Indeed, non-trivial patterns are also found in correlations of native frequencies of linked oscillators. We illustrate them in panels (c) and (d) as average and variance of the distribution of native frequencies of nodes with given native frequencies. A richer picture is obtained by visualizations of the *ω* − *ω* correlation matrices in which is recorded the probability that a node of native frequency *ω*_{1} is linked in the evolved network to a node of native frequency *ω*_{2}, c.f. Fig. 3g–i. Here the *x*-axis denotes the ‘control’ node label for the frequency, as it seeks to drag the collective frequency to it, whereas the *y* – axis denotes the ‘receive’ node label. As observed before^{20,22,24}, arrangements are generally anti-correlated for synchrony-enhanced networks, see panels (g) and (i) in which most probability mass is concentrated in the 2nd and 4th quadrant, but have failed to evolve towards a clear pattern in the un-synchronized networks, c.f. panel (h). Correlation patterns are further distinct for competitively evolved and optimized networks. In the former case, nodes with native frequency *ω* almost exclusively receive input from other nodes with native frequency in a narrow band of frequencies around −sgn(*ω*)(1 − |*ω*|); within this, nodes with *ω* ≈ 0 in the center are controlled and controlling nodes with *ω* = ±1 at the boundary of the native frequency distribution (hence also the strong peak in variance in panel (d) and the plateau in the dependence of 〈*k*_{in}〉 on *ω* in panel (b)). This connection pattern, which is also related to enhanced frequencies of reciprocated links (see Fig. 3e), arises from the particular way in which clusters of synchronized nodes can grow under the competitive rewiring dynamics. Such clusters initially mostly consist of oscillators in the center of the native frequency distribution, and then broaden out to include oscillators further and further away from the mean (see Supplementary Fig. S3 for more details).

This leads to the following picture of influence maximization. Oscillators generally tend to enhance their influence by linking to nodes with a large negative frequency distance. Further, nodes with many incoming links are more difficult to influence than nodes with lower in-degree. Thus, a node’s attractiveness to acquire new connections is a trade-off between its native frequency gap to the target and its in-degree. Consequently, starting from a synchronized seed cluster of nodes with close to zero native frequency, nodes within the cluster initially tend to link to nodes at the extreme end of the frequency distribution. Nodes not yet part of the synchronized cluster can enhance their influence in two ways.
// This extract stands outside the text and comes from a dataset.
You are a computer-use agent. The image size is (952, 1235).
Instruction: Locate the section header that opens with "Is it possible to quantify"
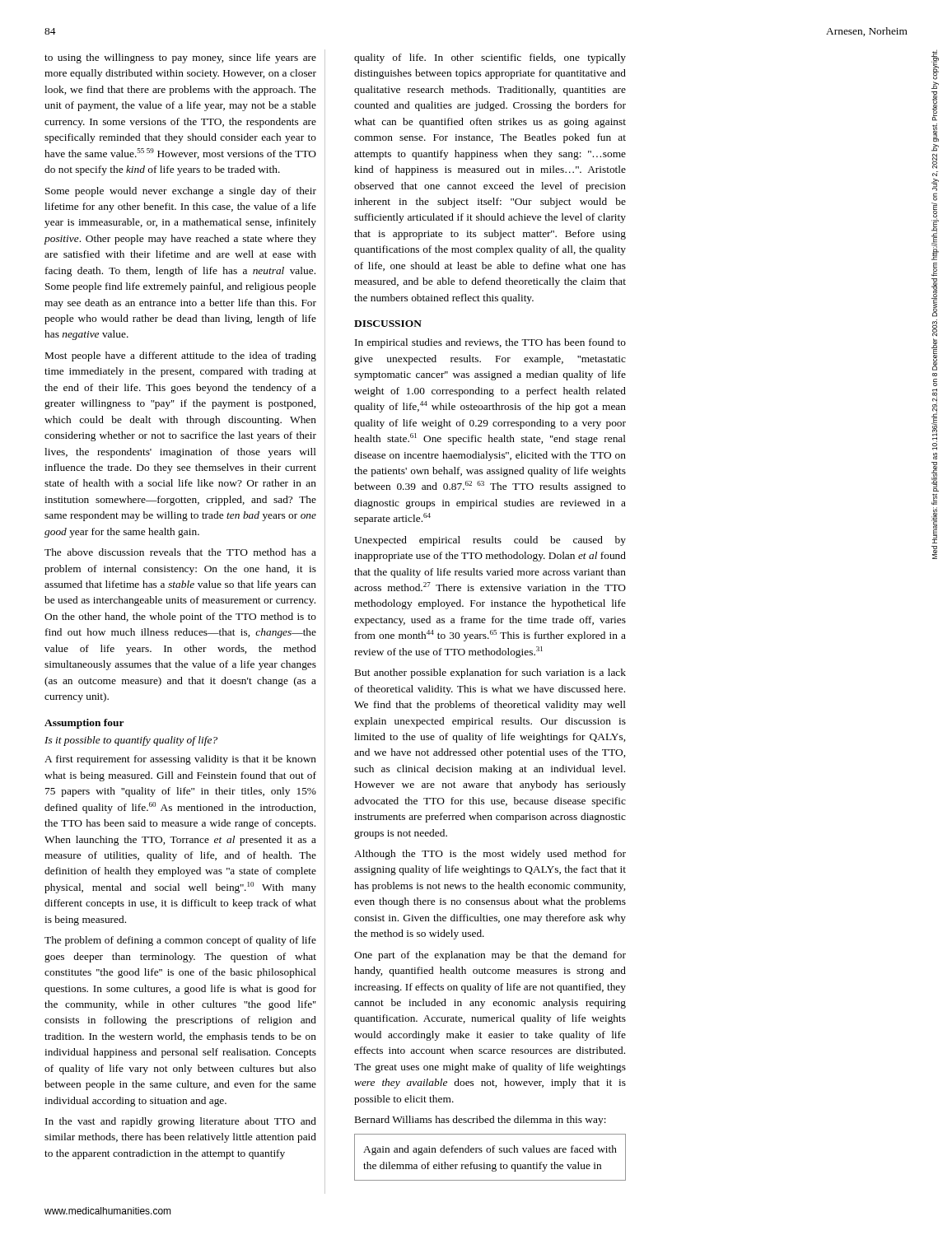(x=180, y=740)
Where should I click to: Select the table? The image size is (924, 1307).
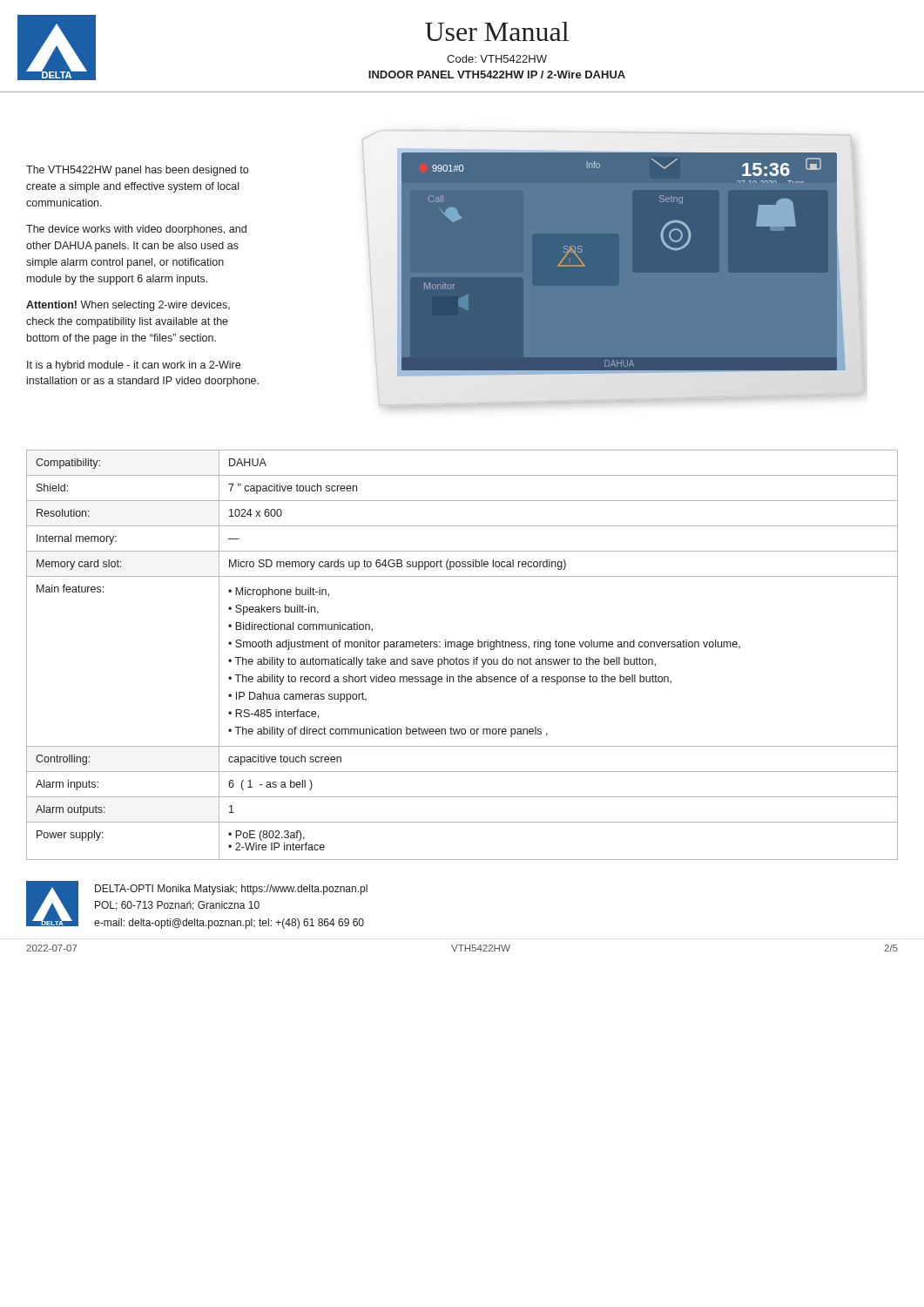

The first is by establishing connections to other nodes with maximum native frequency gap, even if these might not be strongly enough connected to the synchronized cluster to influence it. Alternatively, their influence can be enhanced by linking to nodes within the synchronized cluster, thus being able to change the average rhythm of this cluster. What emerges is a trade-off between frequency gap maximization and linking to large synchronized clusters, in that links to nodes in the synchronized cluster with maximized frequency gap are reciprocated. When in-degrees of the farthest off-center nodes have saturated, the next generation of close-to-center native frequency nodes recruited into the synchronized cluster will establish connections to nodes slightly off the extremes of the native frequency distribution, and so on, explaining the correlations shown in Fig. 3f.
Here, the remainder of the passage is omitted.